By Delsarte duality, the P-matrix of the coset scheme is the Q-matrix of the distance scheme and conversely.

Remark 6

This Q-polynomial scheme appears as an open problem in the table of Jason Williford [24]. We thank Bill Martin for pointing this out.

Remark 7

We do not know if the SRG constructed in that theorem is isomorphic with \((\varGamma _{D^-})_2\).

We also obtain a strongly regular graph on the cosets of \(D^{3-}\).

Theorem 12

The graph \(\varGamma _{D^{3-}}\) is a SRG of parameters (64, 27, 10, 12). The spectrum of \(\varGamma _{D^{3-}}\) is \(\{27^1,3^{36},(-5)^{27}\}\).

Proof

The spectrum of \(\varGamma _{D^{3-}}\) is easily computed from the weight distribution of Theorem 5 upon applying [7, 11.1.11]. The strong regularity follows then by the spectral characterization of SRG’s [8]. The parameters follow by the data of the spectrum [8, Theorem 9.1.3]. \(\square \)

Remark 8

Depending on the punctured coordinates we obtain 3 non-isomorphic SRG (64, 27, 10, 12). One of them is isomorphic to the SRG corresponding to a linear [9, 3] two-weight quaternary code. All the codes \(D^{3-}\) are, however, nonlinear.

5 Conclusion and open problems

In this note, we have constructed the first additive non linear uniformly packed code in the history of the field. This solves a forty-four year old open problem of [2]. The other values of m in the Introduction are worth investigating, even if they lead to graph parameters beyond the tables of [7, 23]. The study of completely regular additive quaternary codes is only beginning.

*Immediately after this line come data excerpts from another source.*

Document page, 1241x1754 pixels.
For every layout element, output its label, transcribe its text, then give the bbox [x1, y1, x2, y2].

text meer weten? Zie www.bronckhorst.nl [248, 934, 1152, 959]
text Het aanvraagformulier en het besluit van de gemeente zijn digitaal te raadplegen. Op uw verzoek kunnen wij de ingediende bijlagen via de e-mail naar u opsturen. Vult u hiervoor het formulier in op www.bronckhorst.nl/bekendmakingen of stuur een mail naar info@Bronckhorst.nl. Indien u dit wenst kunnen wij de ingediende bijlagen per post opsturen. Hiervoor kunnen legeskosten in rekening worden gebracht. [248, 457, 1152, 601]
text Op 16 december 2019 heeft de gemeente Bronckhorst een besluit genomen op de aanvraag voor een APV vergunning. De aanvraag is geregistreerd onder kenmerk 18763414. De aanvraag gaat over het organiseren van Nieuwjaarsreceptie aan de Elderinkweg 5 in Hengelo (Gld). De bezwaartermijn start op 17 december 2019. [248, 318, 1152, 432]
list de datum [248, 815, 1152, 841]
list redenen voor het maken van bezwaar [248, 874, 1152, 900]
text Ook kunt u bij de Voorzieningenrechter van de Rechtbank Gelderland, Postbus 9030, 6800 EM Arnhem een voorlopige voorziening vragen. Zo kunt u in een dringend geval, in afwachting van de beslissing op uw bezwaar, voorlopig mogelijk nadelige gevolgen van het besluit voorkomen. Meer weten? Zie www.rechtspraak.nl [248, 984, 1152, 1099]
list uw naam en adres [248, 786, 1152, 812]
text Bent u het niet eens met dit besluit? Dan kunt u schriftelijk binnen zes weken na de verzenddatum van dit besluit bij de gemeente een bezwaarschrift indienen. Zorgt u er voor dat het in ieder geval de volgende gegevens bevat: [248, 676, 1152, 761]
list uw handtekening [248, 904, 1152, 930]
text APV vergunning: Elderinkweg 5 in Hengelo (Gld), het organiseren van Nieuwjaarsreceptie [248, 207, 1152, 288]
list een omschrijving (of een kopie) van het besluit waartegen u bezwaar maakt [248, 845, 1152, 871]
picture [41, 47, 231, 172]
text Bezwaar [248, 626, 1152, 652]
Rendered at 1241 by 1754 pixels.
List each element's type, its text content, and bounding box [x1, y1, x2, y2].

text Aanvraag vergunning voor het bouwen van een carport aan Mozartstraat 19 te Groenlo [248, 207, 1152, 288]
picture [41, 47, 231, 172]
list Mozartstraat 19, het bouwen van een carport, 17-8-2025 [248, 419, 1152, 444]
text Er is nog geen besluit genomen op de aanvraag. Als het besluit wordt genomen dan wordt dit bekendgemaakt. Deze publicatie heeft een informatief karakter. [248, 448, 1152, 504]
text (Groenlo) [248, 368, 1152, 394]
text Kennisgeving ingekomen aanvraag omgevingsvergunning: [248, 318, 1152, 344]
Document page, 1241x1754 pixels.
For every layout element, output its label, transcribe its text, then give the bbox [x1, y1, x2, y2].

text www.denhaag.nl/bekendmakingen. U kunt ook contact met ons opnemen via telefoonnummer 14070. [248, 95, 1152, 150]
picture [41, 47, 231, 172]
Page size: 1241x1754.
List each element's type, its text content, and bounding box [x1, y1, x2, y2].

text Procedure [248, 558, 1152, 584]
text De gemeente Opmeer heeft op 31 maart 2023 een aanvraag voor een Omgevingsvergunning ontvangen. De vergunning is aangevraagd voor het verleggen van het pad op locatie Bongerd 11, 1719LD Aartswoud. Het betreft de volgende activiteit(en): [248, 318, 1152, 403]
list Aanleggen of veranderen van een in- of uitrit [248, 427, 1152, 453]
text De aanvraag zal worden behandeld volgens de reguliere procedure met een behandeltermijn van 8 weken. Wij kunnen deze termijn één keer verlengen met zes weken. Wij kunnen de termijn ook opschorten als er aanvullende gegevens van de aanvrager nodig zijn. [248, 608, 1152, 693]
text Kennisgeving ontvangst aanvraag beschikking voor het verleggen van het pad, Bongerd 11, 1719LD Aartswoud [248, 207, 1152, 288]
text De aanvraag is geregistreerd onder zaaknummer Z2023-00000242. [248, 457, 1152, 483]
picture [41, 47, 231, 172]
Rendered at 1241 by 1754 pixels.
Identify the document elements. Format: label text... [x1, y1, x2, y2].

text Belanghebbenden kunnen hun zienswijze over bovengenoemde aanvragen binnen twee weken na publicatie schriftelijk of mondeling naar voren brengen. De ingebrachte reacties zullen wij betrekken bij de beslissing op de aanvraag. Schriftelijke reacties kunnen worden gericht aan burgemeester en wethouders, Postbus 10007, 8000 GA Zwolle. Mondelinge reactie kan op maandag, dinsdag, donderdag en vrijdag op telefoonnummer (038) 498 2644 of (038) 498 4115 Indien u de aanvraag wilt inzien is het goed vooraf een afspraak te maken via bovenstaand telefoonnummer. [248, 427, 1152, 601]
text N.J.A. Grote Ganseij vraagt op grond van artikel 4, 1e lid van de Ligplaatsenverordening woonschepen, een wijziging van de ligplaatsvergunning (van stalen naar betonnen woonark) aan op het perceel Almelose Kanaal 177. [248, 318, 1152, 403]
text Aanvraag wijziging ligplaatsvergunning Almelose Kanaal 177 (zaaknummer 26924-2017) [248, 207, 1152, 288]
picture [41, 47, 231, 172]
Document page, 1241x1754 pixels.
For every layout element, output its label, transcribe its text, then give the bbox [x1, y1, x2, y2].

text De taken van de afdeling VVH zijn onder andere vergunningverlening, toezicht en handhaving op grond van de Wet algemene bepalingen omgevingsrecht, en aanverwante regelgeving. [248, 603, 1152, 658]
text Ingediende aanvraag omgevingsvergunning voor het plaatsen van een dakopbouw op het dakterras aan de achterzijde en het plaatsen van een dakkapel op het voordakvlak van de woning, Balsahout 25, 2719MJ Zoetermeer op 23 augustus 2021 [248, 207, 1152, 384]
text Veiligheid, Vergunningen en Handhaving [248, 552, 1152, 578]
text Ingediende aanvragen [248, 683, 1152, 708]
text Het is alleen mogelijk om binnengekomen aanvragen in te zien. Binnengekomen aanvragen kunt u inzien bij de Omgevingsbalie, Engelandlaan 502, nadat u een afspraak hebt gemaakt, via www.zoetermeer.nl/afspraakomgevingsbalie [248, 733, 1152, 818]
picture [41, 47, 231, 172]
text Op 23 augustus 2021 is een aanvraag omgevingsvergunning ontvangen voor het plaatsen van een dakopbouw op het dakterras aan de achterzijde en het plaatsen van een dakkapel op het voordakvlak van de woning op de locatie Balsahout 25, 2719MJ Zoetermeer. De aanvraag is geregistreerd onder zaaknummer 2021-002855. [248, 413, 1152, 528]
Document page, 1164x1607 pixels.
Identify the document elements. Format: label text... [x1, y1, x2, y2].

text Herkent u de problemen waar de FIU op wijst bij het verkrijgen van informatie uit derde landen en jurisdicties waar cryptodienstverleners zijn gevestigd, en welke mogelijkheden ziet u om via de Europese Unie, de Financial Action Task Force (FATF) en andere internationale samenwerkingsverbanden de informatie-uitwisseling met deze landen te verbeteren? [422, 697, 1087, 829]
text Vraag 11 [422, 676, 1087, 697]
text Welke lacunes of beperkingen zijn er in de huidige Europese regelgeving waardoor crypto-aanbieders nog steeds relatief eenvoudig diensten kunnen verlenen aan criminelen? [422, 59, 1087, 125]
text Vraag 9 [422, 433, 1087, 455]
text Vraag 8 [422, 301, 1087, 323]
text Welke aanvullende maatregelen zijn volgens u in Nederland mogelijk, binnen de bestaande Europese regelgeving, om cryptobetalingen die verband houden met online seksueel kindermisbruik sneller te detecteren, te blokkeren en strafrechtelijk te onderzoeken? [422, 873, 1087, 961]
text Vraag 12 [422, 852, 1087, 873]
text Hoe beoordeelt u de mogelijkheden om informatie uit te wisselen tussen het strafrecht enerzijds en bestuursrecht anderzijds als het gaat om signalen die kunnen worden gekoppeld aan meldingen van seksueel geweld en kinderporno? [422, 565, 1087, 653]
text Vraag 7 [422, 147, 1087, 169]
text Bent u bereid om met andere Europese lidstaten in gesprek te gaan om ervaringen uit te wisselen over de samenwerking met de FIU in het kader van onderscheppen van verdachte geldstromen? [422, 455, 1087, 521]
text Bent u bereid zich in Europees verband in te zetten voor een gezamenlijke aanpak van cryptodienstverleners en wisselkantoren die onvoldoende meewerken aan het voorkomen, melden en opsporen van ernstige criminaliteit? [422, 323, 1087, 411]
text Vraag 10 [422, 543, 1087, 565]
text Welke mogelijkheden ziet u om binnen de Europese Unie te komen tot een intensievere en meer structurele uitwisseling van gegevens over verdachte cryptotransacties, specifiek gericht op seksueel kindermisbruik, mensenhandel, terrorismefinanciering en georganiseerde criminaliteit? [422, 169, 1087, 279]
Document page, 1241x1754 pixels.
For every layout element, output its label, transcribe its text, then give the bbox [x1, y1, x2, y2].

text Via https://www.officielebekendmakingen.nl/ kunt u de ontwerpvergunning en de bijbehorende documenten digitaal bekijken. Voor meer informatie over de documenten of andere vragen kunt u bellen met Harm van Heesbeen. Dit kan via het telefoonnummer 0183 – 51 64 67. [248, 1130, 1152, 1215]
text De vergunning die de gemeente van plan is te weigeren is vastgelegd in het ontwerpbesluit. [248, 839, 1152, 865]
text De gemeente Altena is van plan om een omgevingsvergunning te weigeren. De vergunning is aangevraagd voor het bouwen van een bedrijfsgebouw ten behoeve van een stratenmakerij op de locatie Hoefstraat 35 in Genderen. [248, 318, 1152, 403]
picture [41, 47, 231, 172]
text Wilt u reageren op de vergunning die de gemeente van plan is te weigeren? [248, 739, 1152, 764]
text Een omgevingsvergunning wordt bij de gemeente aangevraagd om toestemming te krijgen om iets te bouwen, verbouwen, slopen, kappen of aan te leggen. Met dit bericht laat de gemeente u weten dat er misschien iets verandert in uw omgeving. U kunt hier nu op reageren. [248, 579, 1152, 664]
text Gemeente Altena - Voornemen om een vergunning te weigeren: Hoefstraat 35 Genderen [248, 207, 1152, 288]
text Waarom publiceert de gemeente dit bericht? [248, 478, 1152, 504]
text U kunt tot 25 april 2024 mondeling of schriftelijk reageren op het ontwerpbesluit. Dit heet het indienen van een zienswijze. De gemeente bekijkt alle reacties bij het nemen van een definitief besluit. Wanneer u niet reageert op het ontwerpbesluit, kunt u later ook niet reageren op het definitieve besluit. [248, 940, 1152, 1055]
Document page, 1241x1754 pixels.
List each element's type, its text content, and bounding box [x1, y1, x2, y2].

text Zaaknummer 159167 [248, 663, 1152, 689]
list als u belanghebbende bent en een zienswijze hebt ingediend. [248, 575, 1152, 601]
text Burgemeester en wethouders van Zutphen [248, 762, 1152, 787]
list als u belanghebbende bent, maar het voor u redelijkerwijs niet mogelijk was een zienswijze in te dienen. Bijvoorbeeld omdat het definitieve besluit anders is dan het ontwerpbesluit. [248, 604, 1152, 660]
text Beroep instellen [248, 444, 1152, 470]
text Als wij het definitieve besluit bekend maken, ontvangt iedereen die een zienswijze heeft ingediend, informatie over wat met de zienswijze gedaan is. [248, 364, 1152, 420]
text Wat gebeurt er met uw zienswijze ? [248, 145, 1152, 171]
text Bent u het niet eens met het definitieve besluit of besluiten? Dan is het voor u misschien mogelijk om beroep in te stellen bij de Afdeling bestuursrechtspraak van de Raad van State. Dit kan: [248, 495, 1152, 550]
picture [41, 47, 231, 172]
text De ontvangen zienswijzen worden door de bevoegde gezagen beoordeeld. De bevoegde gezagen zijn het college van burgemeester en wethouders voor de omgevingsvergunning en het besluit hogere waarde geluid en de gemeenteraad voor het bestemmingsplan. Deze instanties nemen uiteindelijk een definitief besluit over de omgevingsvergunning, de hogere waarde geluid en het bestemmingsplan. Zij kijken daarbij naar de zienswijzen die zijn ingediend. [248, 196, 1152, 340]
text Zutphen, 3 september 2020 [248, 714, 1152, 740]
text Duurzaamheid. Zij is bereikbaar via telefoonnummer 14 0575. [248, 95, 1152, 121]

On another tack, the existence of an uniformly packed code in a Doob graph of diameter 11 [7, p.27], a distance-regular graph with the same parameters as the H(11, 4), is a goal worth pursuing. Note that perfect codes are known in Doob graphs [18].

That object would constitute a Galois ring analogue of the (punctured) dodecacode, and might lead to another distance-regular graph with intersection array \(\{33,30,15;1,2,15\}\), non-isomorphic to the one considered in the current paper.